EXERCISE:
Each line from the one holding "Given: Locate the" to the last line below must be written out exactly, with no other output.

PROVIDED RECORDS:
>>>>>
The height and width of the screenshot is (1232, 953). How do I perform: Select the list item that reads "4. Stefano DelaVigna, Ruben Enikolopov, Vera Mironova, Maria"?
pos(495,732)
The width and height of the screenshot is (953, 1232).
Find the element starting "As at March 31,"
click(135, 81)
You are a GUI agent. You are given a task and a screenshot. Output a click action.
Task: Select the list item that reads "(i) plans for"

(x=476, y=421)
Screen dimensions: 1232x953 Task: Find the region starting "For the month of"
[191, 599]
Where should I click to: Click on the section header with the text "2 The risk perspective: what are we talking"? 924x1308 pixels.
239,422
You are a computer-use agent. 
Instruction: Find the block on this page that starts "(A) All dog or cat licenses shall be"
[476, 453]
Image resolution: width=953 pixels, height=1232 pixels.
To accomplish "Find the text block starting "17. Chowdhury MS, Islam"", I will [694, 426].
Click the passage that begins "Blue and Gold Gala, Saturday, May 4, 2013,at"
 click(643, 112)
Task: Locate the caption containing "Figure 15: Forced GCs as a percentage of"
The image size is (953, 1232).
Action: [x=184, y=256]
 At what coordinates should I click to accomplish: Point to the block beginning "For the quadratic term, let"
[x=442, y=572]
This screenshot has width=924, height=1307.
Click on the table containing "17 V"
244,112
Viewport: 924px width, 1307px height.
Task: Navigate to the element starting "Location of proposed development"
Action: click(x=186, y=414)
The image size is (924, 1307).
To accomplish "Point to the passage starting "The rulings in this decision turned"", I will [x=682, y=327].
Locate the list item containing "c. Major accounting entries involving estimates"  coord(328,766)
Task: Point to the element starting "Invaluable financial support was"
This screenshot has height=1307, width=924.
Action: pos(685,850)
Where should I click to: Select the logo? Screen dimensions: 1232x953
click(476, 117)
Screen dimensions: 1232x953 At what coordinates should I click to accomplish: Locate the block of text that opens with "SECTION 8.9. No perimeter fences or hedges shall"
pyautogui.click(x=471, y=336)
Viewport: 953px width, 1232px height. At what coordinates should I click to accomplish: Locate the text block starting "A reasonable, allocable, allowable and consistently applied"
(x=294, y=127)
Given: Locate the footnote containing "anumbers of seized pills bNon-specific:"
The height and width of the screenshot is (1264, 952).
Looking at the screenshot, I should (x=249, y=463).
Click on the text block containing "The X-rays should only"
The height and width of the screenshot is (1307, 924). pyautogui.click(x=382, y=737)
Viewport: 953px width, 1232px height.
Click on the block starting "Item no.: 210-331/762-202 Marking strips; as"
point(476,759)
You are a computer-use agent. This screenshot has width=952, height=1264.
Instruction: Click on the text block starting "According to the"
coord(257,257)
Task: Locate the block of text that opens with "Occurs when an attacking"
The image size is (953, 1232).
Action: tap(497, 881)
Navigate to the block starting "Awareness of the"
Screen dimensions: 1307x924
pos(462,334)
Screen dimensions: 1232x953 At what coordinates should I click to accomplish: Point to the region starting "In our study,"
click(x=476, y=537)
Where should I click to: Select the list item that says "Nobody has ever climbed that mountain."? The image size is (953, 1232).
<<<<<
ANSWER BELOW:
Given: Locate the footnote containing "anumbers of seized pills bNon-specific:"
The height and width of the screenshot is (1264, 952).
Looking at the screenshot, I should (x=249, y=463).
Click on the text block containing "The X-rays should only"
The height and width of the screenshot is (1307, 924). pyautogui.click(x=382, y=737)
Viewport: 953px width, 1232px height.
Click on the block starting "Item no.: 210-331/762-202 Marking strips; as"
point(476,759)
You are a computer-use agent. This screenshot has width=952, height=1264.
Instruction: Click on the text block starting "According to the"
coord(257,257)
Task: Locate the block of text that opens with "Occurs when an attacking"
The image size is (953, 1232).
Action: tap(497, 881)
Navigate to the block starting "Awareness of the"
Screen dimensions: 1307x924
pos(462,334)
Screen dimensions: 1232x953 At what coordinates should I click to accomplish: Point to the region starting "In our study,"
click(x=476, y=537)
Where should I click to: Select the list item that says "Nobody has ever climbed that mountain."? The image size is (953, 1232).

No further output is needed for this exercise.